What is Arbitrage?
Terrific question! Let’s start from the definition. The Economics Glossary defines arbitrage opportunity as “the opportunity to buy an asset at a low price then immediately selling it on a different market for a higher price.” If I can buy an asset for $5, turn around and sell it for $20 and make $15 for my trouble, that is arbitrage. The $15 I gain represents an arbitrage profit.
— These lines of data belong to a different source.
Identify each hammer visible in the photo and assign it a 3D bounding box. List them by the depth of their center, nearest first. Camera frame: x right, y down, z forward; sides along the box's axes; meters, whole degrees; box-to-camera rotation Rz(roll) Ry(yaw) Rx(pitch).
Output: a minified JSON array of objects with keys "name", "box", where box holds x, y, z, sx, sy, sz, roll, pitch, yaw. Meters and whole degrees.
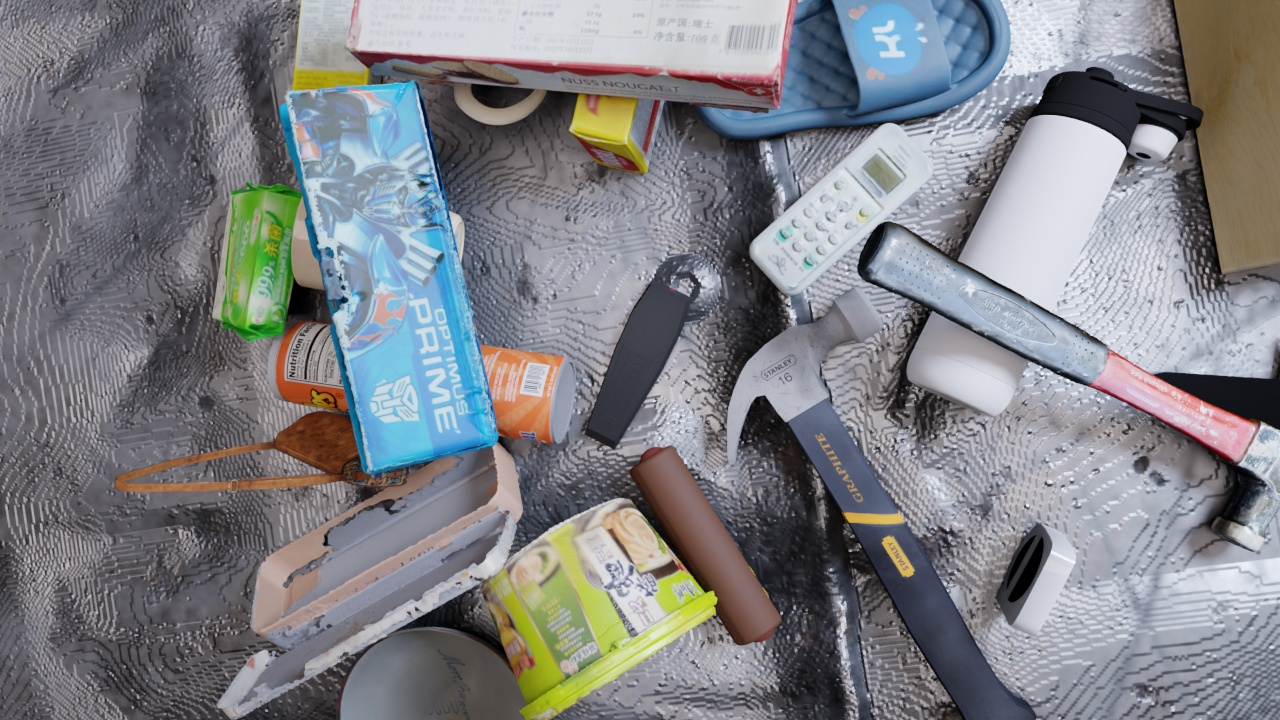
[{"name":"hammer","box":[0.281,-0.006,0.558,0.326,0.036,0.140,25,94,-11]},{"name":"hammer","box":[0.173,0.117,0.627,0.139,0.035,0.312,-32,86,10]}]

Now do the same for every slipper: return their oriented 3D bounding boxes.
[{"name":"slipper","box":[0.137,-0.210,0.619,0.214,0.059,0.103,-10,86,10]}]

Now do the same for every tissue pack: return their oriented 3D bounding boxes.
[{"name":"tissue pack","box":[-0.279,-0.074,0.669,0.100,0.034,0.114,12,94,51]}]

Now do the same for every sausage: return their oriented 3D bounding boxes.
[{"name":"sausage","box":[0.046,0.129,0.645,0.040,0.040,0.155,-33,85,8]}]

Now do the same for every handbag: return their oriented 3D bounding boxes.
[{"name":"handbag","box":[-0.247,0.062,0.611,0.094,0.195,0.043,14,99,36]}]

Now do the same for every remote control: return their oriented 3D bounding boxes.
[{"name":"remote control","box":[0.138,-0.103,0.636,0.133,0.022,0.050,-42,84,7]},{"name":"remote control","box":[-0.004,0.004,0.665,0.039,0.010,0.125,26,95,8]}]

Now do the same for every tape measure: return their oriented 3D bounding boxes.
[{"name":"tape measure","box":[0.257,0.142,0.599,0.017,0.064,0.065,25,101,8]}]

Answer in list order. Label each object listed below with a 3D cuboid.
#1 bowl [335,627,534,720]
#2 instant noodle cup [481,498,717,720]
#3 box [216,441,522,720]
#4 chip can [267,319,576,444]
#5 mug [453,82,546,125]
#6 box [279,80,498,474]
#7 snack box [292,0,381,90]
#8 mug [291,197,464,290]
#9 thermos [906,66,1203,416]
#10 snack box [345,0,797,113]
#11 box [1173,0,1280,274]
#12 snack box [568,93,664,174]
[{"name":"bowl","box":[-0.138,0.255,0.663,0.151,0.056,0.151,1,94,11]},{"name":"instant noodle cup","box":[-0.032,0.161,0.609,0.146,0.146,0.098,-34,74,7]},{"name":"box","box":[-0.181,0.146,0.630,0.216,0.157,0.063,-30,108,7]},{"name":"chip can","box":[-0.156,0.014,0.663,0.210,0.062,0.062,8,91,9]},{"name":"mug","box":[-0.097,-0.222,0.643,0.097,0.081,0.121,1,74,2]},{"name":"box","box":[-0.160,-0.054,0.586,0.091,0.066,0.243,-13,92,-7]},{"name":"snack box","box":[-0.222,-0.269,0.691,0.061,0.025,0.149,6,91,9]},{"name":"mug","box":[-0.186,-0.070,0.665,0.104,0.085,0.112,11,120,-2]},{"name":"thermos","box":[0.266,-0.072,0.596,0.101,0.068,0.230,25,93,0]},{"name":"snack box","box":[-0.045,-0.205,0.563,0.273,0.044,0.076,8,85,13]},{"name":"box","box":[0.414,-0.187,0.539,0.148,0.140,0.248,-10,89,16]},{"name":"snack box","box":[0.003,-0.236,0.622,0.042,0.092,0.200,14,92,9]}]
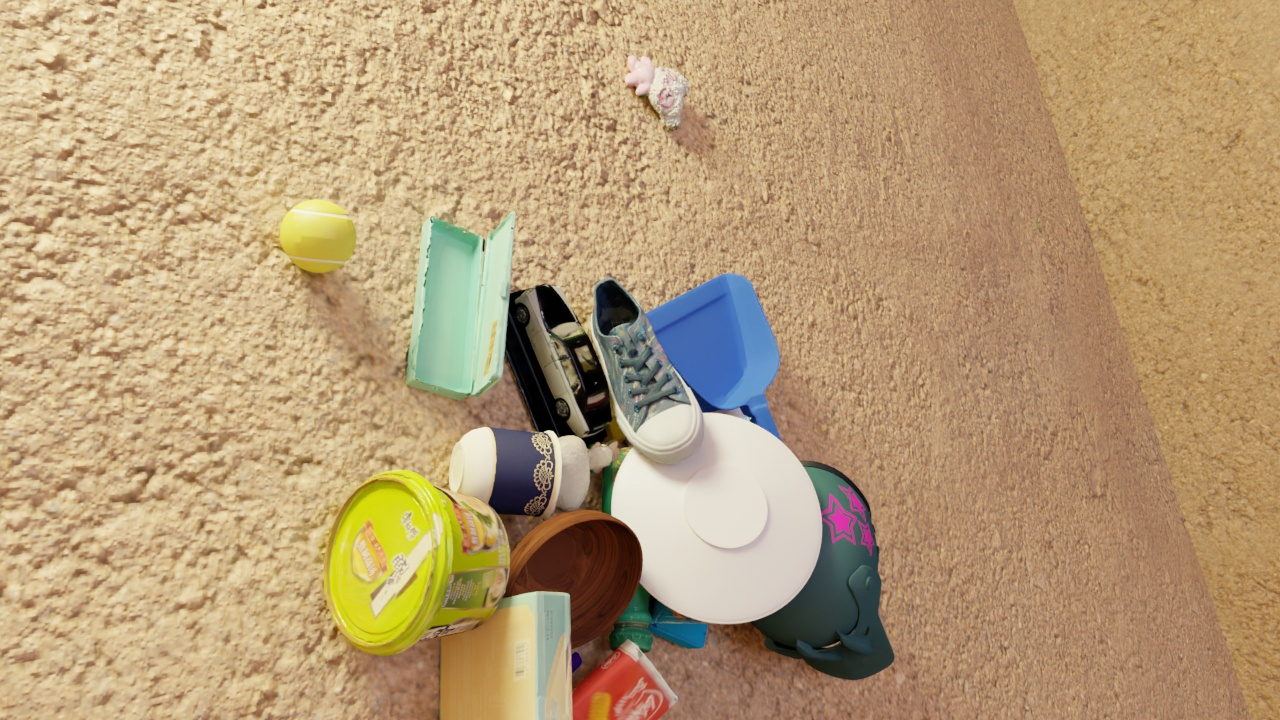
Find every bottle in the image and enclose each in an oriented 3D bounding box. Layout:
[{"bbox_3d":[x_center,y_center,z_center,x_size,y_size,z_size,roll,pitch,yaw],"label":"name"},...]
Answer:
[{"bbox_3d":[-0.009,0.201,0.976,0.068,0.068,0.209,21,59,-38],"label":"bottle"}]

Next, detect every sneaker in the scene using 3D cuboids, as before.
[{"bbox_3d":[-0.006,0.006,0.991,0.079,0.087,0.235,66,-1,-54],"label":"sneaker"}]

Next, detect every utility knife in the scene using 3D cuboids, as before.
[{"bbox_3d":[-0.055,0.012,1.040,0.020,0.029,0.172,-21,87,-26],"label":"utility knife"}]

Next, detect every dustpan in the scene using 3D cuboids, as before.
[{"bbox_3d":[0.115,0.031,1.168,0.244,0.060,0.257,-30,99,-48],"label":"dustpan"}]

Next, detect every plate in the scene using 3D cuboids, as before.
[{"bbox_3d":[0.085,0.155,0.956,0.229,0.030,0.229,5,63,-10],"label":"plate"}]

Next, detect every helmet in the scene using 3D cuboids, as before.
[{"bbox_3d":[0.206,0.262,1.099,0.275,0.177,0.199,48,39,-39],"label":"helmet"}]

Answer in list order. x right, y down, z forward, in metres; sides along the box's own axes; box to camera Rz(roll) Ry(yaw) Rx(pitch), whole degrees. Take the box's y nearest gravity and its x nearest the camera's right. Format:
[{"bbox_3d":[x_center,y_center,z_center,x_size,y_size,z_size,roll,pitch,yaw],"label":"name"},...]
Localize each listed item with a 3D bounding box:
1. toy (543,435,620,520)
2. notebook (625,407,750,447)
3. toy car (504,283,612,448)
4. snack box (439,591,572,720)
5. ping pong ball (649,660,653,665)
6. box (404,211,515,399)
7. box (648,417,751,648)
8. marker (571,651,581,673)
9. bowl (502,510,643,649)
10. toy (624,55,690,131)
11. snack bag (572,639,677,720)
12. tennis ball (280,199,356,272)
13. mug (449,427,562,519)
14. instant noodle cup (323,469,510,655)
[{"bbox_3d":[-0.072,0.116,0.949,0.112,0.050,0.087,-43,139,-44],"label":"toy"},{"bbox_3d":[0.065,0.072,1.151,0.244,0.013,0.178,-30,97,-48],"label":"notebook"},{"bbox_3d":[-0.082,0.003,0.987,0.093,0.071,0.191,-19,86,-49],"label":"toy car"},{"bbox_3d":[-0.116,0.300,0.768,0.044,0.142,0.193,15,63,-41],"label":"snack box"},{"bbox_3d":[-0.003,0.326,0.948,0.040,0.040,0.040,20,59,-39],"label":"ping pong ball"},{"bbox_3d":[-0.169,-0.063,0.910,0.077,0.093,0.187,23,58,-39],"label":"box"},{"bbox_3d":[0.081,0.188,1.029,0.094,0.115,0.242,34,55,-34],"label":"box"},{"bbox_3d":[-0.101,0.318,0.869,0.015,0.018,0.133,31,35,25],"label":"marker"},{"bbox_3d":[-0.077,0.202,0.893,0.147,0.069,0.147,-15,119,-29],"label":"bowl"},{"bbox_3d":[0.025,-0.385,1.289,0.109,0.041,0.095,27,56,-28],"label":"toy"},{"bbox_3d":[-0.028,0.337,0.888,0.115,0.036,0.077,-38,103,-18],"label":"snack bag"},{"bbox_3d":[-0.290,-0.112,0.827,0.065,0.065,0.065,20,59,-39],"label":"tennis ball"},{"bbox_3d":[-0.137,0.100,0.886,0.089,0.086,0.112,8,22,-25],"label":"mug"},{"bbox_3d":[-0.182,0.169,0.766,0.097,0.146,0.146,20,59,-52],"label":"instant noodle cup"}]
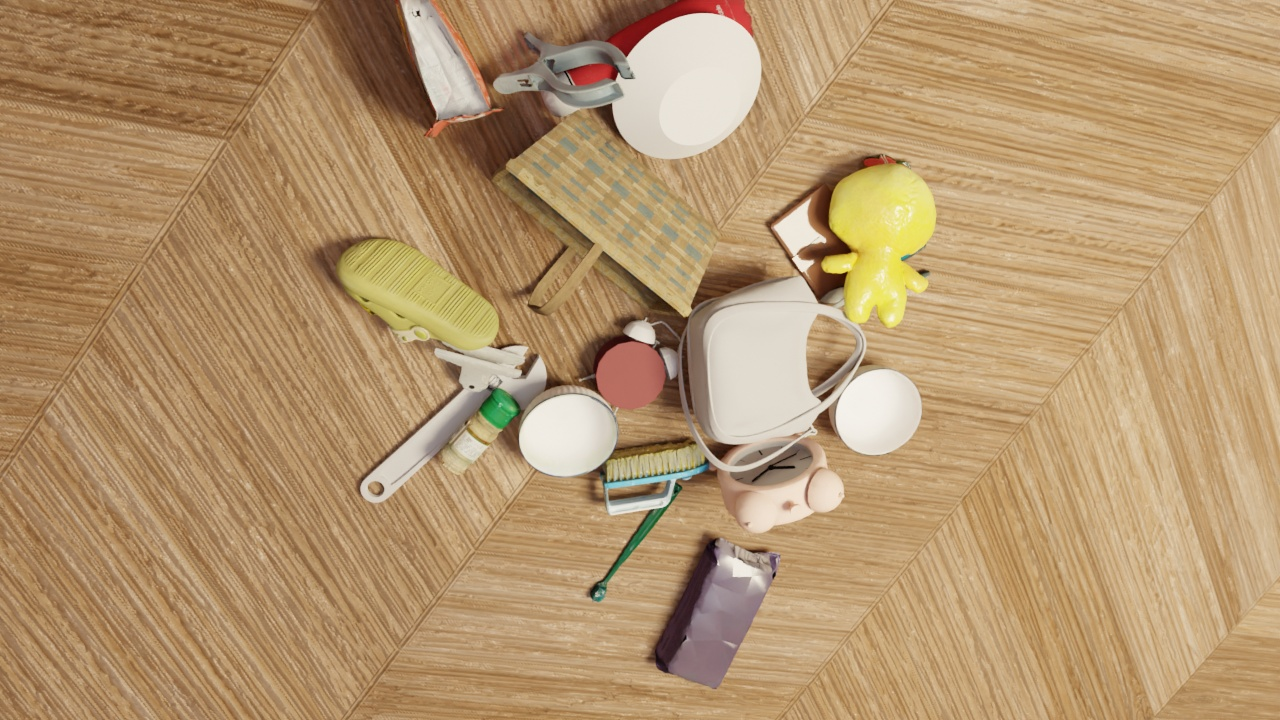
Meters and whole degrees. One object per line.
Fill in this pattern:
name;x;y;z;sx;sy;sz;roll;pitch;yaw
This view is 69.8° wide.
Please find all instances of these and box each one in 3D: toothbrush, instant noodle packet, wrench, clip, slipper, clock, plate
toothbrush;-0.006;0.235;1.178;0.016;0.017;0.190;34;97;-15
instant noodle packet;-0.214;-0.344;0.921;0.084;0.164;0.221;-20;107;-2
wrench;-0.225;0.083;1.107;0.273;0.018;0.086;-43;106;5
clip;-0.071;-0.317;0.967;0.106;0.163;0.028;-63;148;-19
slipper;-0.253;-0.064;1.039;0.190;0.091;0.082;29;138;-5
clip;-0.188;0.005;1.069;0.102;0.054;0.057;16;67;-8
clock;-0.006;0.006;1.105;0.124;0.044;0.087;-43;106;4
clock;0.163;0.152;1.107;0.131;0.160;0.086;-17;107;-5
plate;0.058;-0.285;0.997;0.173;0.036;0.174;-14;139;-13

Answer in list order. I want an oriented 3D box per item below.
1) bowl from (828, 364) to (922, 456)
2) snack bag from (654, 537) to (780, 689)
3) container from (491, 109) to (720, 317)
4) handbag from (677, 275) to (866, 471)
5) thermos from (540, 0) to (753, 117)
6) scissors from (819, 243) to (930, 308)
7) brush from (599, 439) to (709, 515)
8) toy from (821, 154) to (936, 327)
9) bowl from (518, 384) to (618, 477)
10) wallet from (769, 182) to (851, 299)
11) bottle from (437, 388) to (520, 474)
bowl;0.288;0.057;1.153;0.113;0.063;0.113;-2;105;-8
snack bag;0.101;0.332;1.198;0.096;0.058;0.205;22;101;-13
container;-0.058;-0.128;1.010;0.250;0.157;0.186;39;85;-16
handbag;0.165;0.009;1.081;0.222;0.095;0.216;-11;107;-19
thermos;0.003;-0.333;1.005;0.240;0.073;0.073;-25;106;0
scissors;0.293;-0.103;1.130;0.131;0.019;0.150;19;107;-24
brush;0.020;0.144;1.138;0.136;0.055;0.075;-8;101;-7
toy;0.284;-0.144;1.077;0.133;0.092;0.207;8;93;-15
bowl;-0.088;0.075;1.094;0.118;0.062;0.118;-5;121;-9
wallet;0.222;-0.142;1.117;0.087;0.013;0.121;-38;109;1
bottle;-0.190;0.085;1.080;0.043;0.043;0.111;41;98;-16
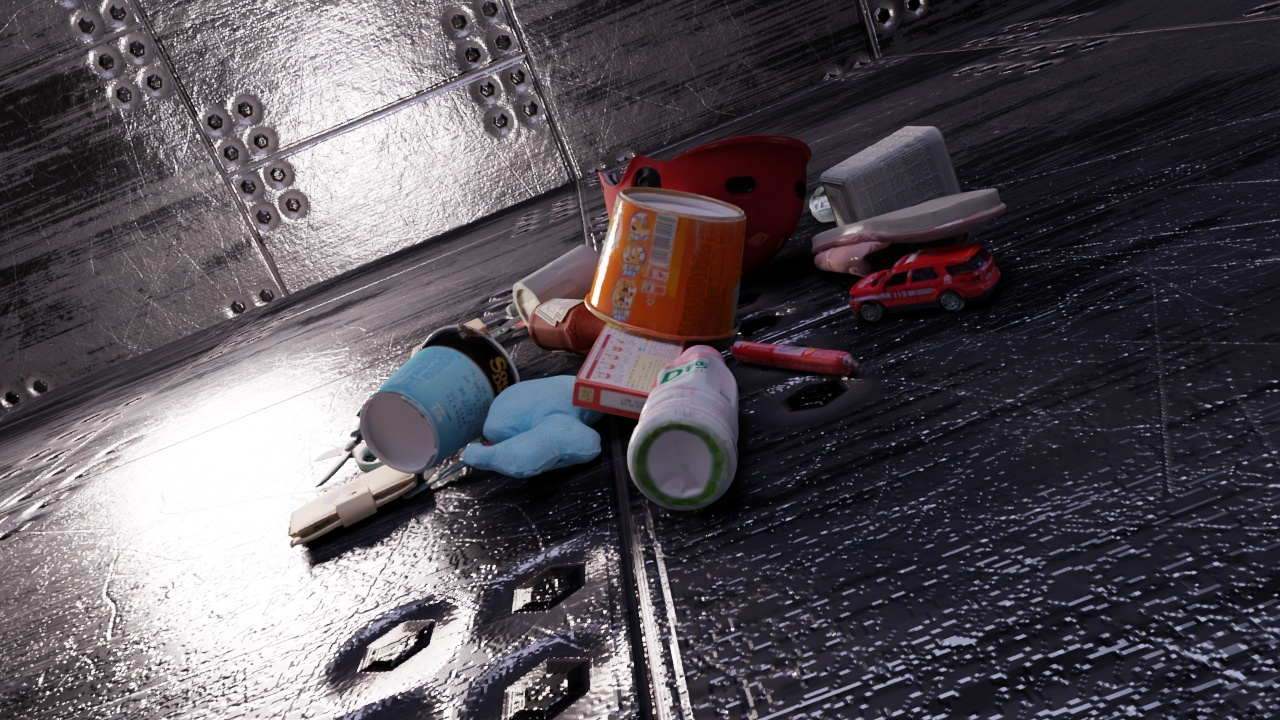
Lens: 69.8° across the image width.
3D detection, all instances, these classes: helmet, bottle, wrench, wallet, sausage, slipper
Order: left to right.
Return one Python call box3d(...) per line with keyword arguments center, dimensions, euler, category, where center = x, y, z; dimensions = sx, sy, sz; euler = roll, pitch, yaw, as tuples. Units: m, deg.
box3d(center=(-0.249, 0.121, 0.797), dimensions=(0.115, 0.024, 0.087), euler=(-25, 16, -13), category="wallet")
box3d(center=(-0.119, -0.062, 1.209), dimensions=(0.273, 0.016, 0.056), euler=(-24, 17, -4), category="wrench")
box3d(center=(-0.046, -0.032, 0.955), dimensions=(0.059, 0.060, 0.206), euler=(-32, 22, -29), category="bottle")
box3d(center=(0.037, 0.034, 0.643), dimensions=(0.068, 0.068, 0.196), euler=(-18, 14, 13), category="bottle")
box3d(center=(0.077, -0.151, 0.997), dimensions=(0.206, 0.144, 0.241), euler=(-4, 0, -34), category="helmet")
box3d(center=(0.118, -0.003, 0.729), dimensions=(0.020, 0.020, 0.156), euler=(-30, 19, -24), category="sausage")
box3d(center=(0.237, -0.110, 0.836), dimensions=(0.114, 0.054, 0.274), euler=(-17, 5, -10), category="slipper")

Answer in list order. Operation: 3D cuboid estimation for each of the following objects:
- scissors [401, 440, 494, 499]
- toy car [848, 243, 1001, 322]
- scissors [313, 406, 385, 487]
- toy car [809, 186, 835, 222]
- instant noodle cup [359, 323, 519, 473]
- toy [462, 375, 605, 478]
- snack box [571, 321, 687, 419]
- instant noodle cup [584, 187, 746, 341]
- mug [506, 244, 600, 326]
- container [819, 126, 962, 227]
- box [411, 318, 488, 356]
box3d(center=(-0.149, 0.085, 0.802), dimensions=(0.135, 0.017, 0.063), euler=(-29, 22, -9), category="scissors")
box3d(center=(0.226, -0.064, 0.743), dimensions=(0.121, 0.045, 0.052), euler=(-11, 19, 39), category="toy car")
box3d(center=(-0.257, 0.066, 0.941), dimensions=(0.170, 0.019, 0.173), euler=(-6, 37, 36), category="scissors")
box3d(center=(0.247, -0.192, 1.112), dimensions=(0.091, 0.043, 0.034), euler=(-6, 50, 50), category="toy car")
box3d(center=(-0.183, 0.038, 0.813), dimensions=(0.111, 0.111, 0.120), euler=(-13, 16, 27), category="instant noodle cup")
box3d(center=(-0.081, 0.050, 0.754), dimensions=(0.161, 0.050, 0.156), euler=(-17, 27, -30), category="toy")
box3d(center=(-0.005, 0.005, 0.786), dimensions=(0.077, 0.027, 0.155), euler=(12, 23, 4), category="snack box")
box3d(center=(0.030, -0.095, 0.859), dimensions=(0.151, 0.111, 0.151), euler=(9, 20, -3), category="instant noodle cup")
box3d(center=(-0.103, -0.083, 1.146), dimensions=(0.103, 0.084, 0.124), euler=(-33, 17, -27), category="mug")
box3d(center=(0.268, -0.188, 0.996), dimensions=(0.114, 0.090, 0.090), euler=(-26, 17, -2), category="container")
box3d(center=(-0.193, 0.009, 1.001), dimensions=(0.091, 0.079, 0.168), euler=(-26, 11, -9), category="box")
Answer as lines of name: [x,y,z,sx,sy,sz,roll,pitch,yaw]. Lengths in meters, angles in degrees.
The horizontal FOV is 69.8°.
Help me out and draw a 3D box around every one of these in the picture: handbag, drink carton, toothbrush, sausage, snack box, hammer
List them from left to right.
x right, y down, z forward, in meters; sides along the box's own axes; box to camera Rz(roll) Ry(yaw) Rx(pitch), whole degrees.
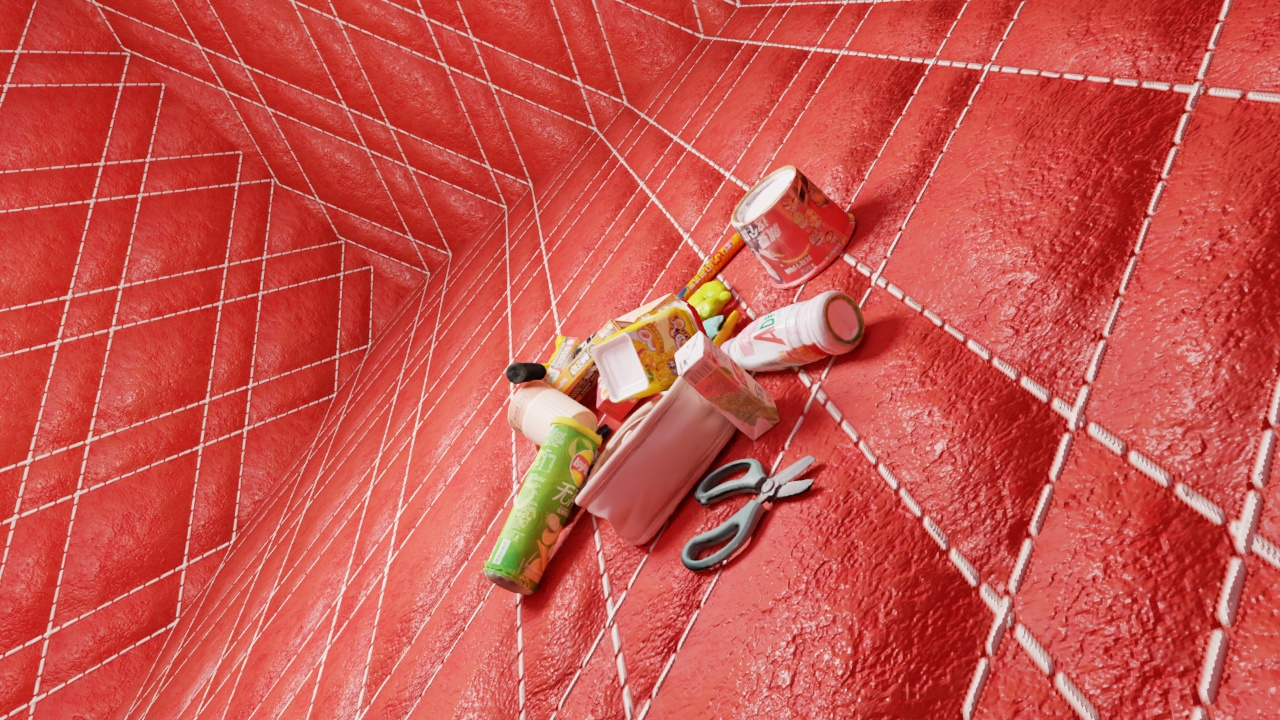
hammer: [-0.162,0.019,1.452,0.300,0.033,0.129,4,-75,-85]
snack box: [-0.122,0.042,1.444,0.027,0.077,0.155,-1,42,25]
toothbrush: [-0.095,0.163,1.262,0.018,0.014,0.188,5,54,53]
snack box: [-0.069,0.001,1.377,0.154,0.026,0.075,-47,-18,17]
snack box: [-0.016,-0.056,1.463,0.158,0.026,0.084,-23,13,48]
snack box: [-0.008,0.008,1.310,0.127,0.044,0.113,-48,18,21]
handbag: [0.002,0.108,1.100,0.193,0.093,0.234,-49,10,-7]
sausage: [0.107,-0.139,1.413,0.165,0.021,0.021,-47,20,0]
drink carton: [0.092,0.030,0.986,0.046,0.122,0.053,-41,23,18]

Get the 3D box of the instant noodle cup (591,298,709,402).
instant noodle cup: [0.014,-0.005,1.165,0.123,0.116,0.116,-20,-3,-45]

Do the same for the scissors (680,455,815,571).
scissors: [0.105,0.131,0.920,0.177,0.019,0.170,-42,20,17]

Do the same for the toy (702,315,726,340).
toy: [0.081,-0.028,1.249,0.092,0.030,0.096,-32,27,42]

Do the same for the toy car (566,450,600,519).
toy car: [-0.095,0.167,1.222,0.054,0.037,0.120,-6,48,59]

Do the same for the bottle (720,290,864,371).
bottle: [0.162,-0.024,1.035,0.197,0.068,0.068,-20,32,57]

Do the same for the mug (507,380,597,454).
mug: [-0.125,0.100,1.314,0.106,0.115,0.081,27,35,37]

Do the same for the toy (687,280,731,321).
toy: [0.097,-0.084,1.312,0.097,0.031,0.099,-23,22,39]

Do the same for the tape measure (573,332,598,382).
tape measure: [-0.071,0.000,1.440,0.066,0.066,0.033,-42,21,7]

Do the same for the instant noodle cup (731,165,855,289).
instant noodle cup: [0.191,-0.177,1.194,0.138,0.108,0.137,-40,22,19]

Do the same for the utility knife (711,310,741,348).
utility knife: [0.094,-0.021,1.138,0.215,0.015,0.033,-49,-21,-62]

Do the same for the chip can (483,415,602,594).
chip can: [-0.122,0.182,1.147,0.073,0.072,0.220,-12,48,56]

This kind of arbitrage is actually quite common on eBay. Many eBay sellers will go to flea markets and yard sales looking for collectibles that the seller does not know the true value of and has priced much too low. They will buy the rare collection of Colecovision games from the yard sale for $10 then turn around and sell them on eBay for $100. There are costs to this however. First of all, you don’t find rare Colecovision games just lying around, you have to spend time and energy looking for them. Secondly, you have to spend time learning what is valuable and what is not valuable so you don’t find out later what you thought was worth $100 is only worth $5. Lastly, just because something has sold for $100 in the past does not mean it will sell for $100 again in the future. So given both the financial costs and the opportunity costs involved, we would expect arbitrageurs on this market to make as much money as they would doing other productive activities that require the same set of skills.
Arbitrage of the “One good, Two markets” variety is quite common in the world of sports gambling. Arbitrage on the sports market exists because different betting agencies often post different odds on the outcome of a game.
There are a number of gamblers who try to exploit differences in odds from bookmaker to bookmaker. It’s not quite as profitable as it seems, as the odds do not generally differ as much as they do in this example, plus you have to pay the bookmaker in order to place the bet as that’s how they make their money.